Set the listing down unchanged, minus every embedded image.

[Start of section]

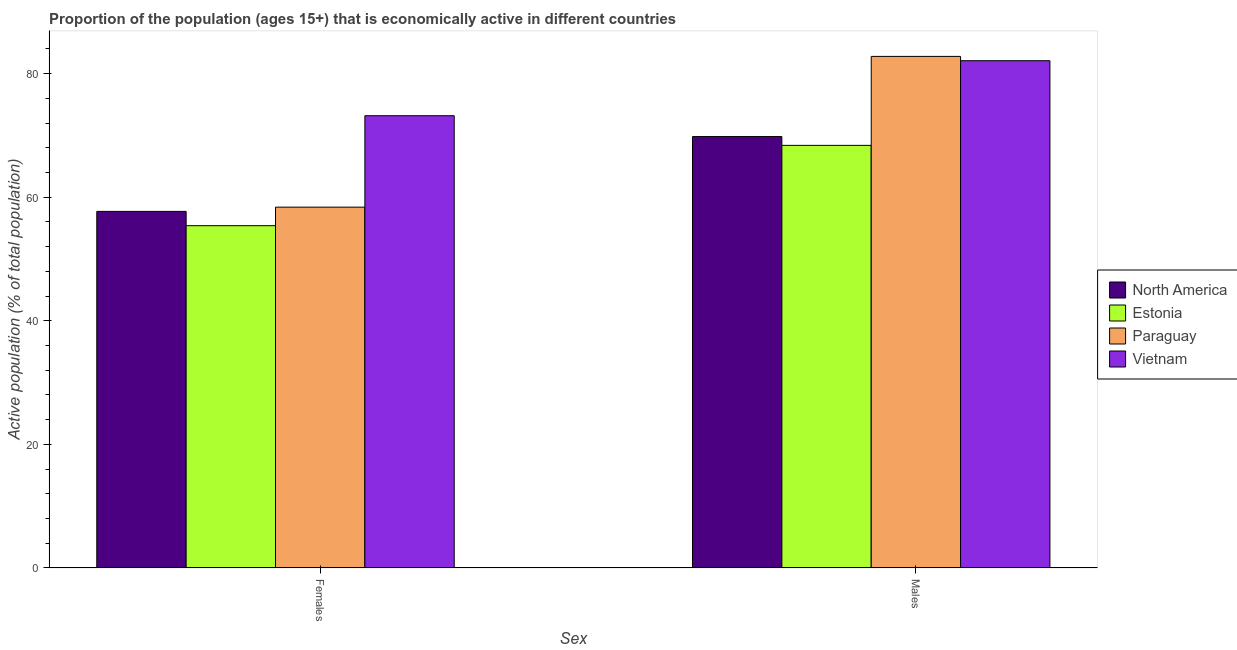How many groups of bars are there?
Your answer should be very brief. 2. Are the number of bars on each tick of the X-axis equal?
Ensure brevity in your answer.  Yes. What is the label of the 1st group of bars from the left?
Give a very brief answer. Females. What is the percentage of economically active male population in Vietnam?
Give a very brief answer. 82.1. Across all countries, what is the maximum percentage of economically active female population?
Make the answer very short. 73.2. Across all countries, what is the minimum percentage of economically active female population?
Offer a very short reply. 55.4. In which country was the percentage of economically active male population maximum?
Provide a succinct answer. Paraguay. In which country was the percentage of economically active female population minimum?
Offer a very short reply. Estonia. What is the total percentage of economically active male population in the graph?
Your answer should be very brief. 303.12. What is the difference between the percentage of economically active male population in Estonia and that in Paraguay?
Ensure brevity in your answer.  -14.4. What is the difference between the percentage of economically active male population in North America and the percentage of economically active female population in Estonia?
Your answer should be compact. 14.42. What is the average percentage of economically active male population per country?
Give a very brief answer. 75.78. What is the difference between the percentage of economically active female population and percentage of economically active male population in Estonia?
Provide a short and direct response. -13. What is the ratio of the percentage of economically active male population in Paraguay to that in North America?
Your response must be concise. 1.19. Is the percentage of economically active female population in Vietnam less than that in North America?
Keep it short and to the point. No. What does the 1st bar from the left in Females represents?
Your answer should be compact. North America. What does the 3rd bar from the right in Females represents?
Provide a short and direct response. Estonia. How many bars are there?
Provide a short and direct response. 8. How many countries are there in the graph?
Your response must be concise. 4. What is the difference between two consecutive major ticks on the Y-axis?
Provide a short and direct response. 20. How many legend labels are there?
Provide a succinct answer. 4. What is the title of the graph?
Your answer should be very brief. Proportion of the population (ages 15+) that is economically active in different countries. What is the label or title of the X-axis?
Provide a short and direct response. Sex. What is the label or title of the Y-axis?
Give a very brief answer. Active population (% of total population). What is the Active population (% of total population) in North America in Females?
Offer a terse response. 57.72. What is the Active population (% of total population) of Estonia in Females?
Provide a succinct answer. 55.4. What is the Active population (% of total population) of Paraguay in Females?
Your answer should be very brief. 58.4. What is the Active population (% of total population) in Vietnam in Females?
Give a very brief answer. 73.2. What is the Active population (% of total population) of North America in Males?
Your response must be concise. 69.82. What is the Active population (% of total population) in Estonia in Males?
Your answer should be very brief. 68.4. What is the Active population (% of total population) of Paraguay in Males?
Offer a very short reply. 82.8. What is the Active population (% of total population) in Vietnam in Males?
Offer a very short reply. 82.1. Across all Sex, what is the maximum Active population (% of total population) in North America?
Provide a succinct answer. 69.82. Across all Sex, what is the maximum Active population (% of total population) of Estonia?
Offer a very short reply. 68.4. Across all Sex, what is the maximum Active population (% of total population) of Paraguay?
Keep it short and to the point. 82.8. Across all Sex, what is the maximum Active population (% of total population) in Vietnam?
Offer a very short reply. 82.1. Across all Sex, what is the minimum Active population (% of total population) of North America?
Give a very brief answer. 57.72. Across all Sex, what is the minimum Active population (% of total population) of Estonia?
Provide a short and direct response. 55.4. Across all Sex, what is the minimum Active population (% of total population) of Paraguay?
Give a very brief answer. 58.4. Across all Sex, what is the minimum Active population (% of total population) of Vietnam?
Your answer should be very brief. 73.2. What is the total Active population (% of total population) in North America in the graph?
Your answer should be very brief. 127.54. What is the total Active population (% of total population) in Estonia in the graph?
Make the answer very short. 123.8. What is the total Active population (% of total population) of Paraguay in the graph?
Offer a very short reply. 141.2. What is the total Active population (% of total population) of Vietnam in the graph?
Provide a short and direct response. 155.3. What is the difference between the Active population (% of total population) in North America in Females and that in Males?
Keep it short and to the point. -12.11. What is the difference between the Active population (% of total population) in Estonia in Females and that in Males?
Provide a short and direct response. -13. What is the difference between the Active population (% of total population) in Paraguay in Females and that in Males?
Offer a terse response. -24.4. What is the difference between the Active population (% of total population) in Vietnam in Females and that in Males?
Offer a very short reply. -8.9. What is the difference between the Active population (% of total population) of North America in Females and the Active population (% of total population) of Estonia in Males?
Your response must be concise. -10.68. What is the difference between the Active population (% of total population) of North America in Females and the Active population (% of total population) of Paraguay in Males?
Your answer should be compact. -25.08. What is the difference between the Active population (% of total population) of North America in Females and the Active population (% of total population) of Vietnam in Males?
Give a very brief answer. -24.38. What is the difference between the Active population (% of total population) of Estonia in Females and the Active population (% of total population) of Paraguay in Males?
Keep it short and to the point. -27.4. What is the difference between the Active population (% of total population) of Estonia in Females and the Active population (% of total population) of Vietnam in Males?
Give a very brief answer. -26.7. What is the difference between the Active population (% of total population) in Paraguay in Females and the Active population (% of total population) in Vietnam in Males?
Offer a terse response. -23.7. What is the average Active population (% of total population) in North America per Sex?
Provide a succinct answer. 63.77. What is the average Active population (% of total population) in Estonia per Sex?
Offer a terse response. 61.9. What is the average Active population (% of total population) of Paraguay per Sex?
Provide a short and direct response. 70.6. What is the average Active population (% of total population) of Vietnam per Sex?
Make the answer very short. 77.65. What is the difference between the Active population (% of total population) in North America and Active population (% of total population) in Estonia in Females?
Offer a terse response. 2.32. What is the difference between the Active population (% of total population) of North America and Active population (% of total population) of Paraguay in Females?
Provide a short and direct response. -0.68. What is the difference between the Active population (% of total population) of North America and Active population (% of total population) of Vietnam in Females?
Give a very brief answer. -15.48. What is the difference between the Active population (% of total population) in Estonia and Active population (% of total population) in Paraguay in Females?
Keep it short and to the point. -3. What is the difference between the Active population (% of total population) of Estonia and Active population (% of total population) of Vietnam in Females?
Offer a terse response. -17.8. What is the difference between the Active population (% of total population) in Paraguay and Active population (% of total population) in Vietnam in Females?
Provide a succinct answer. -14.8. What is the difference between the Active population (% of total population) in North America and Active population (% of total population) in Estonia in Males?
Make the answer very short. 1.42. What is the difference between the Active population (% of total population) in North America and Active population (% of total population) in Paraguay in Males?
Your answer should be very brief. -12.98. What is the difference between the Active population (% of total population) in North America and Active population (% of total population) in Vietnam in Males?
Your response must be concise. -12.28. What is the difference between the Active population (% of total population) of Estonia and Active population (% of total population) of Paraguay in Males?
Keep it short and to the point. -14.4. What is the difference between the Active population (% of total population) in Estonia and Active population (% of total population) in Vietnam in Males?
Provide a short and direct response. -13.7. What is the difference between the Active population (% of total population) in Paraguay and Active population (% of total population) in Vietnam in Males?
Your response must be concise. 0.7. What is the ratio of the Active population (% of total population) of North America in Females to that in Males?
Your answer should be compact. 0.83. What is the ratio of the Active population (% of total population) in Estonia in Females to that in Males?
Give a very brief answer. 0.81. What is the ratio of the Active population (% of total population) in Paraguay in Females to that in Males?
Your answer should be very brief. 0.71. What is the ratio of the Active population (% of total population) in Vietnam in Females to that in Males?
Provide a succinct answer. 0.89. What is the difference between the highest and the second highest Active population (% of total population) of North America?
Ensure brevity in your answer.  12.11. What is the difference between the highest and the second highest Active population (% of total population) of Paraguay?
Offer a terse response. 24.4. What is the difference between the highest and the lowest Active population (% of total population) in North America?
Make the answer very short. 12.11. What is the difference between the highest and the lowest Active population (% of total population) in Estonia?
Your answer should be very brief. 13. What is the difference between the highest and the lowest Active population (% of total population) of Paraguay?
Ensure brevity in your answer.  24.4.

[End of section]

EXERCISE ANSWER:
How many groups of bars are there?
Your answer should be very brief. 2. Are the number of bars on each tick of the X-axis equal?
Ensure brevity in your answer.  Yes. What is the label of the 1st group of bars from the left?
Give a very brief answer. Females. What is the percentage of economically active male population in Vietnam?
Give a very brief answer. 82.1. Across all countries, what is the maximum percentage of economically active female population?
Make the answer very short. 73.2. Across all countries, what is the minimum percentage of economically active female population?
Offer a very short reply. 55.4. In which country was the percentage of economically active male population maximum?
Provide a succinct answer. Paraguay. In which country was the percentage of economically active female population minimum?
Offer a very short reply. Estonia. What is the total percentage of economically active male population in the graph?
Your answer should be very brief. 303.12. What is the difference between the percentage of economically active male population in Estonia and that in Paraguay?
Ensure brevity in your answer.  -14.4. What is the difference between the percentage of economically active male population in North America and the percentage of economically active female population in Estonia?
Your answer should be compact. 14.42. What is the average percentage of economically active male population per country?
Give a very brief answer. 75.78. What is the difference between the percentage of economically active female population and percentage of economically active male population in Estonia?
Provide a short and direct response. -13. What is the ratio of the percentage of economically active male population in Paraguay to that in North America?
Your response must be concise. 1.19. Is the percentage of economically active female population in Vietnam less than that in North America?
Keep it short and to the point. No. What does the 1st bar from the left in Females represents?
Your answer should be compact. North America. What does the 3rd bar from the right in Females represents?
Provide a short and direct response. Estonia. How many bars are there?
Provide a short and direct response. 8. How many countries are there in the graph?
Your response must be concise. 4. What is the difference between two consecutive major ticks on the Y-axis?
Provide a short and direct response. 20. How many legend labels are there?
Provide a succinct answer. 4. What is the title of the graph?
Your answer should be very brief. Proportion of the population (ages 15+) that is economically active in different countries. What is the label or title of the X-axis?
Provide a short and direct response. Sex. What is the label or title of the Y-axis?
Give a very brief answer. Active population (% of total population). What is the Active population (% of total population) in North America in Females?
Offer a terse response. 57.72. What is the Active population (% of total population) of Estonia in Females?
Provide a succinct answer. 55.4. What is the Active population (% of total population) of Paraguay in Females?
Your answer should be very brief. 58.4. What is the Active population (% of total population) in Vietnam in Females?
Give a very brief answer. 73.2. What is the Active population (% of total population) of North America in Males?
Your response must be concise. 69.82. What is the Active population (% of total population) in Estonia in Males?
Your answer should be very brief. 68.4. What is the Active population (% of total population) of Paraguay in Males?
Offer a very short reply. 82.8. What is the Active population (% of total population) in Vietnam in Males?
Offer a very short reply. 82.1. Across all Sex, what is the maximum Active population (% of total population) in North America?
Provide a succinct answer. 69.82. Across all Sex, what is the maximum Active population (% of total population) of Estonia?
Offer a very short reply. 68.4. Across all Sex, what is the maximum Active population (% of total population) of Paraguay?
Keep it short and to the point. 82.8. Across all Sex, what is the maximum Active population (% of total population) in Vietnam?
Offer a very short reply. 82.1. Across all Sex, what is the minimum Active population (% of total population) of North America?
Give a very brief answer. 57.72. Across all Sex, what is the minimum Active population (% of total population) of Estonia?
Provide a short and direct response. 55.4. Across all Sex, what is the minimum Active population (% of total population) of Paraguay?
Give a very brief answer. 58.4. Across all Sex, what is the minimum Active population (% of total population) of Vietnam?
Your answer should be very brief. 73.2. What is the total Active population (% of total population) in North America in the graph?
Your answer should be very brief. 127.54. What is the total Active population (% of total population) in Estonia in the graph?
Make the answer very short. 123.8. What is the total Active population (% of total population) of Paraguay in the graph?
Offer a very short reply. 141.2. What is the total Active population (% of total population) of Vietnam in the graph?
Provide a short and direct response. 155.3. What is the difference between the Active population (% of total population) in North America in Females and that in Males?
Keep it short and to the point. -12.11. What is the difference between the Active population (% of total population) in Estonia in Females and that in Males?
Provide a short and direct response. -13. What is the difference between the Active population (% of total population) in Paraguay in Females and that in Males?
Offer a terse response. -24.4. What is the difference between the Active population (% of total population) in Vietnam in Females and that in Males?
Offer a very short reply. -8.9. What is the difference between the Active population (% of total population) of North America in Females and the Active population (% of total population) of Estonia in Males?
Your response must be concise. -10.68. What is the difference between the Active population (% of total population) of North America in Females and the Active population (% of total population) of Paraguay in Males?
Your answer should be compact. -25.08. What is the difference between the Active population (% of total population) of North America in Females and the Active population (% of total population) of Vietnam in Males?
Give a very brief answer. -24.38. What is the difference between the Active population (% of total population) of Estonia in Females and the Active population (% of total population) of Paraguay in Males?
Keep it short and to the point. -27.4. What is the difference between the Active population (% of total population) of Estonia in Females and the Active population (% of total population) of Vietnam in Males?
Give a very brief answer. -26.7. What is the difference between the Active population (% of total population) in Paraguay in Females and the Active population (% of total population) in Vietnam in Males?
Offer a terse response. -23.7. What is the average Active population (% of total population) in North America per Sex?
Provide a succinct answer. 63.77. What is the average Active population (% of total population) in Estonia per Sex?
Offer a terse response. 61.9. What is the average Active population (% of total population) of Paraguay per Sex?
Provide a short and direct response. 70.6. What is the average Active population (% of total population) of Vietnam per Sex?
Make the answer very short. 77.65. What is the difference between the Active population (% of total population) in North America and Active population (% of total population) in Estonia in Females?
Offer a terse response. 2.32. What is the difference between the Active population (% of total population) of North America and Active population (% of total population) of Paraguay in Females?
Provide a short and direct response. -0.68. What is the difference between the Active population (% of total population) of North America and Active population (% of total population) of Vietnam in Females?
Give a very brief answer. -15.48. What is the difference between the Active population (% of total population) in Estonia and Active population (% of total population) in Paraguay in Females?
Keep it short and to the point. -3. What is the difference between the Active population (% of total population) of Estonia and Active population (% of total population) of Vietnam in Females?
Offer a terse response. -17.8. What is the difference between the Active population (% of total population) in Paraguay and Active population (% of total population) in Vietnam in Females?
Provide a succinct answer. -14.8. What is the difference between the Active population (% of total population) in North America and Active population (% of total population) in Estonia in Males?
Make the answer very short. 1.42. What is the difference between the Active population (% of total population) in North America and Active population (% of total population) in Paraguay in Males?
Your answer should be very brief. -12.98. What is the difference between the Active population (% of total population) in North America and Active population (% of total population) in Vietnam in Males?
Your response must be concise. -12.28. What is the difference between the Active population (% of total population) of Estonia and Active population (% of total population) of Paraguay in Males?
Keep it short and to the point. -14.4. What is the difference between the Active population (% of total population) in Estonia and Active population (% of total population) in Vietnam in Males?
Provide a short and direct response. -13.7. What is the difference between the Active population (% of total population) in Paraguay and Active population (% of total population) in Vietnam in Males?
Your response must be concise. 0.7. What is the ratio of the Active population (% of total population) of North America in Females to that in Males?
Your answer should be compact. 0.83. What is the ratio of the Active population (% of total population) in Estonia in Females to that in Males?
Give a very brief answer. 0.81. What is the ratio of the Active population (% of total population) in Paraguay in Females to that in Males?
Your answer should be very brief. 0.71. What is the ratio of the Active population (% of total population) in Vietnam in Females to that in Males?
Provide a succinct answer. 0.89. What is the difference between the highest and the second highest Active population (% of total population) of North America?
Ensure brevity in your answer.  12.11. What is the difference between the highest and the second highest Active population (% of total population) of Paraguay?
Offer a terse response. 24.4. What is the difference between the highest and the lowest Active population (% of total population) in North America?
Make the answer very short. 12.11. What is the difference between the highest and the lowest Active population (% of total population) in Estonia?
Your answer should be very brief. 13. What is the difference between the highest and the lowest Active population (% of total population) of Paraguay?
Ensure brevity in your answer.  24.4.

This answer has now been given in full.